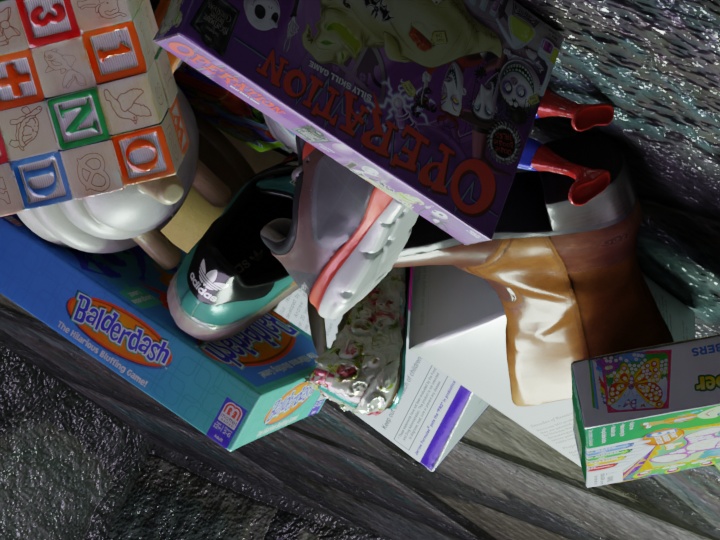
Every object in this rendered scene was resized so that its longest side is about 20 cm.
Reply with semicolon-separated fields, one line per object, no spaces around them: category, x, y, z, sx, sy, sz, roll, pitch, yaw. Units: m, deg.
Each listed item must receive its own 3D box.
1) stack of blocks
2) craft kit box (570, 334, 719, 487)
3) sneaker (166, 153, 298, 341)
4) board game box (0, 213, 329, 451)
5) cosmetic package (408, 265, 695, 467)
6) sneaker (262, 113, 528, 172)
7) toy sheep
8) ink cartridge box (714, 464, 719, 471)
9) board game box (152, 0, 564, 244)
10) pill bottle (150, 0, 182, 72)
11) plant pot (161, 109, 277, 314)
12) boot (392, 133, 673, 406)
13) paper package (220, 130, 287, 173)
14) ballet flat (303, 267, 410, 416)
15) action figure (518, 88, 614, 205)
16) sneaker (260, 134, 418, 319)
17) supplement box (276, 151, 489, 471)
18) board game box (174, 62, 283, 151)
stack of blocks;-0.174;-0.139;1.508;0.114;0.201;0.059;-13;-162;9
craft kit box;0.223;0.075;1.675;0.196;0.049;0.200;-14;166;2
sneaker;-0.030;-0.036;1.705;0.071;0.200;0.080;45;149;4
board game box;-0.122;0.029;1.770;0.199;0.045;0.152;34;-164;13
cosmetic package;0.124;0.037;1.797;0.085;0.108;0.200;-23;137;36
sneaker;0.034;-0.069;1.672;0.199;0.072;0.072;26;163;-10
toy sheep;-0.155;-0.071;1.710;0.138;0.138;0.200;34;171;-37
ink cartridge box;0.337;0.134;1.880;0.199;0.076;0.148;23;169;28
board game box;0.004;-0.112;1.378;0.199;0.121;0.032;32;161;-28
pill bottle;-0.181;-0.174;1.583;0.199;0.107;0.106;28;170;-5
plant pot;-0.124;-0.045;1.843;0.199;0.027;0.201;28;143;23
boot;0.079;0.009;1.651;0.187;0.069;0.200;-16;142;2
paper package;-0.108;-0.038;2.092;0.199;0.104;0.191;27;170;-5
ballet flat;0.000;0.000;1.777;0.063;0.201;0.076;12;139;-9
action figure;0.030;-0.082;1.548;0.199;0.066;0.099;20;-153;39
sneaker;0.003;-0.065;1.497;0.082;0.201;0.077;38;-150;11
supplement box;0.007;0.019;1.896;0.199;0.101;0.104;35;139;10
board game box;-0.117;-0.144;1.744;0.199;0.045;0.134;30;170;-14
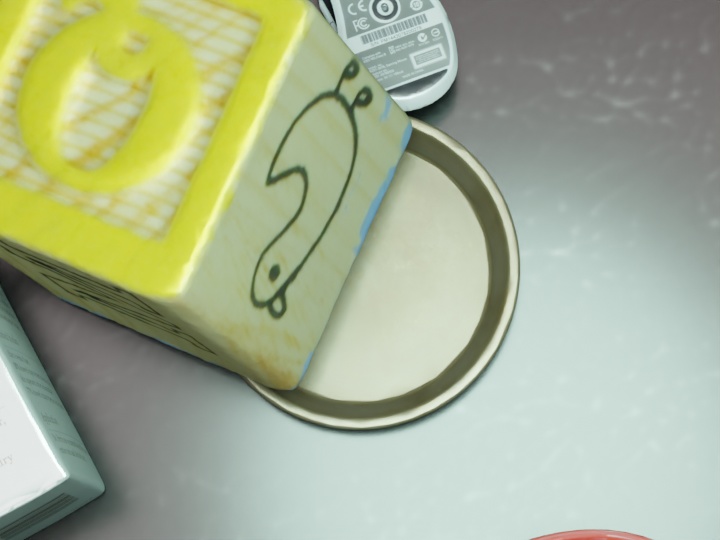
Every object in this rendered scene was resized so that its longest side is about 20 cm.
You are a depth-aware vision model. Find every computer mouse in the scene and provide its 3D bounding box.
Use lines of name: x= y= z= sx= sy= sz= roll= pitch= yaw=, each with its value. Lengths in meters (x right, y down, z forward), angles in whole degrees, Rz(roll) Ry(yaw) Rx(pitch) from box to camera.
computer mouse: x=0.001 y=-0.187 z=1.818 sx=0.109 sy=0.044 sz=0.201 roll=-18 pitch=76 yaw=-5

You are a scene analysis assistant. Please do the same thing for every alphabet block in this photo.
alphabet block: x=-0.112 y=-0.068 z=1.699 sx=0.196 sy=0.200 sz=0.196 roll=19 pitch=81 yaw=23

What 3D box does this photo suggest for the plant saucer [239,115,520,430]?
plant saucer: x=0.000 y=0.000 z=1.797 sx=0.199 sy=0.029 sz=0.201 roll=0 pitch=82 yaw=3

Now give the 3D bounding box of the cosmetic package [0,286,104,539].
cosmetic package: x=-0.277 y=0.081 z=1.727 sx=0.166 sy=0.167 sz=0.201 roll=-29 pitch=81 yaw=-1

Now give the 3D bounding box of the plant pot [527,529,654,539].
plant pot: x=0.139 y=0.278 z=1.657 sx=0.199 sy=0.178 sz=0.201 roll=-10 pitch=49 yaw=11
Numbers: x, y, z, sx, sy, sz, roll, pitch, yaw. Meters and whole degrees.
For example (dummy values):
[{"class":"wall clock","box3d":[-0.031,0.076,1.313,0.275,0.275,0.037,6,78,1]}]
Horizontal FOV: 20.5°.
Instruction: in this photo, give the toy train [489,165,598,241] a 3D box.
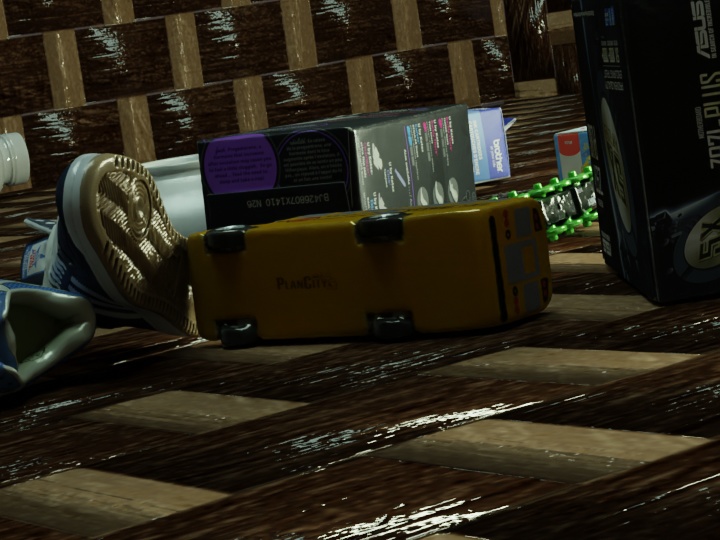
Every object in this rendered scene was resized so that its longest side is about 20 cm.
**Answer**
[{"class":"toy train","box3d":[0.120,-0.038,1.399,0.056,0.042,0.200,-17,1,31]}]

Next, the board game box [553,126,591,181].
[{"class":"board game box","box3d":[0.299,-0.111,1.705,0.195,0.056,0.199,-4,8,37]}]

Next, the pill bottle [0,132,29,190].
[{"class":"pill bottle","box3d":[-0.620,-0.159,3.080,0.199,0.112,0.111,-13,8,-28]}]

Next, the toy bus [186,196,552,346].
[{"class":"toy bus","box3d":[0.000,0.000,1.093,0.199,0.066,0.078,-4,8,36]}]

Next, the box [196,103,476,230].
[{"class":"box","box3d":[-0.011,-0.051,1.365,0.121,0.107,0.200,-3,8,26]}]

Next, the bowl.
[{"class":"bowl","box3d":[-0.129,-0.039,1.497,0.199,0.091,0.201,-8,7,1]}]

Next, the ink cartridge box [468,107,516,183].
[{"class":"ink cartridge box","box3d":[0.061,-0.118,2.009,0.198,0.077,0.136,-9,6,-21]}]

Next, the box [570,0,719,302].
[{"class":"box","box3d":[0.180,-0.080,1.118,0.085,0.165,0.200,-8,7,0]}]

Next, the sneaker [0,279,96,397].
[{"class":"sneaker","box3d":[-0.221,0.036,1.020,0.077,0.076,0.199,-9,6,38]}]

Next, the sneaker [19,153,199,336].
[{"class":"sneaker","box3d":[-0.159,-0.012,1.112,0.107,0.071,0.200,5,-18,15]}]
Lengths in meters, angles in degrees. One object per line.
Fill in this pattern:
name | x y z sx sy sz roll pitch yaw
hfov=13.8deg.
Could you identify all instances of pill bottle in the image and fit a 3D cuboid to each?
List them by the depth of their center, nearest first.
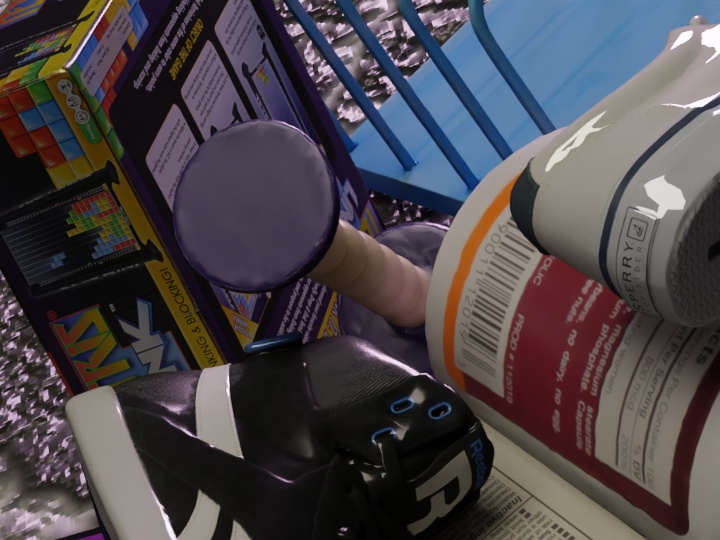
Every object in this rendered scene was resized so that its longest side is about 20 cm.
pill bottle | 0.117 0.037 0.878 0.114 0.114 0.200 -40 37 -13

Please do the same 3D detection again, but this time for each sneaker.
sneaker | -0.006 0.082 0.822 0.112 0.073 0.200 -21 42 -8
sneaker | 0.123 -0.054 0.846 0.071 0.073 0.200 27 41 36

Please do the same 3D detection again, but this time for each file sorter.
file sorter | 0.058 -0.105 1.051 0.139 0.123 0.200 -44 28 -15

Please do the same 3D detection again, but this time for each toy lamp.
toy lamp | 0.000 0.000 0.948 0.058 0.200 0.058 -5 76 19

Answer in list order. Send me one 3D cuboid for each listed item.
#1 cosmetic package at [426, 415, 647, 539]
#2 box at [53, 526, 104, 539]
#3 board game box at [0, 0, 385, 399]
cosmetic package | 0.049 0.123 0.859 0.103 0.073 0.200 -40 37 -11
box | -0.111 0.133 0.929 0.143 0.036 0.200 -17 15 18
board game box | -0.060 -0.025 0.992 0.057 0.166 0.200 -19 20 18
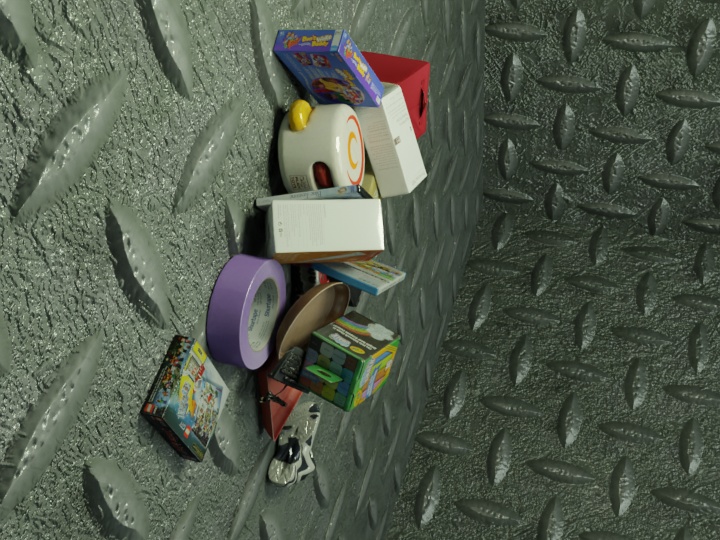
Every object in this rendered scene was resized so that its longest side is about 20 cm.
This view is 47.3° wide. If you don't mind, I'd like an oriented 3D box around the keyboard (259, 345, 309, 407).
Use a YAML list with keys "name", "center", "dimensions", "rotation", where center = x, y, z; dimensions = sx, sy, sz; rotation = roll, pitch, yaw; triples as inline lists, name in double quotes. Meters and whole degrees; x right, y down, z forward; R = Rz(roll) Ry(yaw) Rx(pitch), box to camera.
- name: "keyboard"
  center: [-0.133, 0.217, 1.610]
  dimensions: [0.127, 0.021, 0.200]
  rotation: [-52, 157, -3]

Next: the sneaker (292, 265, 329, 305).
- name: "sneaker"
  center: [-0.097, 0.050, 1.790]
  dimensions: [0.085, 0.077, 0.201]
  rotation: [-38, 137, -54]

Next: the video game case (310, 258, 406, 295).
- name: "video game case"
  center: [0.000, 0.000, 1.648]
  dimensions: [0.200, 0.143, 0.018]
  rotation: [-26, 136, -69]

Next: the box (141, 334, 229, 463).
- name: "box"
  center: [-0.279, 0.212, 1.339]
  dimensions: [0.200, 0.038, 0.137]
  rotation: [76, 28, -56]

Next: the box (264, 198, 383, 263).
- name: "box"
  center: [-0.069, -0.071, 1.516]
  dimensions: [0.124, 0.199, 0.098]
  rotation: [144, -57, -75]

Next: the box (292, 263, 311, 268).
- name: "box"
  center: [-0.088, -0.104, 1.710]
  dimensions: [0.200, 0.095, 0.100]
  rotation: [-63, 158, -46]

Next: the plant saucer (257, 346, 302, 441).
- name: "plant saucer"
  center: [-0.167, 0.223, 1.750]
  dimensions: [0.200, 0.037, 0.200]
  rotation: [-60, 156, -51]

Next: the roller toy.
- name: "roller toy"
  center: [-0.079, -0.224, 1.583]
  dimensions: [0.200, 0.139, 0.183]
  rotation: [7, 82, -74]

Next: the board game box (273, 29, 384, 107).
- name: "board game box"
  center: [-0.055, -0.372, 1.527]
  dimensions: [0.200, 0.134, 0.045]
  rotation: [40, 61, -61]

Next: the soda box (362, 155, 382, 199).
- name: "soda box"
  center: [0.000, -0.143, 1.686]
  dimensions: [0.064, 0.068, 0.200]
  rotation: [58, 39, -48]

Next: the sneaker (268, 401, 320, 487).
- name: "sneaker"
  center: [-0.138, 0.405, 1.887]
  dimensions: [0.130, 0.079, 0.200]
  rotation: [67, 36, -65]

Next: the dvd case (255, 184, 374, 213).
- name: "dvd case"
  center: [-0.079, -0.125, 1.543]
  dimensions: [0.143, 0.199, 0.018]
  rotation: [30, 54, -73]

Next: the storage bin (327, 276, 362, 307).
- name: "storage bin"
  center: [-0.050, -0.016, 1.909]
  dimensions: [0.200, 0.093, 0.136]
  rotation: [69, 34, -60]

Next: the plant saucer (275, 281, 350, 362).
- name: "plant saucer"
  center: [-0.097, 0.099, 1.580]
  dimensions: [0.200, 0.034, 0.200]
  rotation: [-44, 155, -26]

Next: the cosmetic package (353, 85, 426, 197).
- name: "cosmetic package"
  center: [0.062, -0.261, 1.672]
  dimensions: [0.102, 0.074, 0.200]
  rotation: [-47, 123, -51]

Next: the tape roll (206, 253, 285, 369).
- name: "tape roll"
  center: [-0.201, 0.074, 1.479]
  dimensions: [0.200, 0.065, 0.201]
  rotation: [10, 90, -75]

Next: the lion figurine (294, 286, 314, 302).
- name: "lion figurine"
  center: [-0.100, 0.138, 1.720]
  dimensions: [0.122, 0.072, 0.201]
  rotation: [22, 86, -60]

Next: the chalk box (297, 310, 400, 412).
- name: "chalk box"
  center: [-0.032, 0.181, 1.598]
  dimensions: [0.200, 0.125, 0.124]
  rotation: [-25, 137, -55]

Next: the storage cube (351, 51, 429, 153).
____
● **WHAT YOU SHOULD DO**
Both ends included, copy word for word the lines from the top of the entries above through the line with "1) stack of blocks". No pictures.

● **SOLUTION FOR THIS TASK**
Every object in this rendered scene was resized so that its longest side is about 20 cm.
Reply with semicolon-separated fields, one line per object, no spaces around them: category, x, y, z, sx, sy, sz, roll, pitch, yaw. Units: m, deg.
Each listed item must receive its own 3D box.
1) stack of blocks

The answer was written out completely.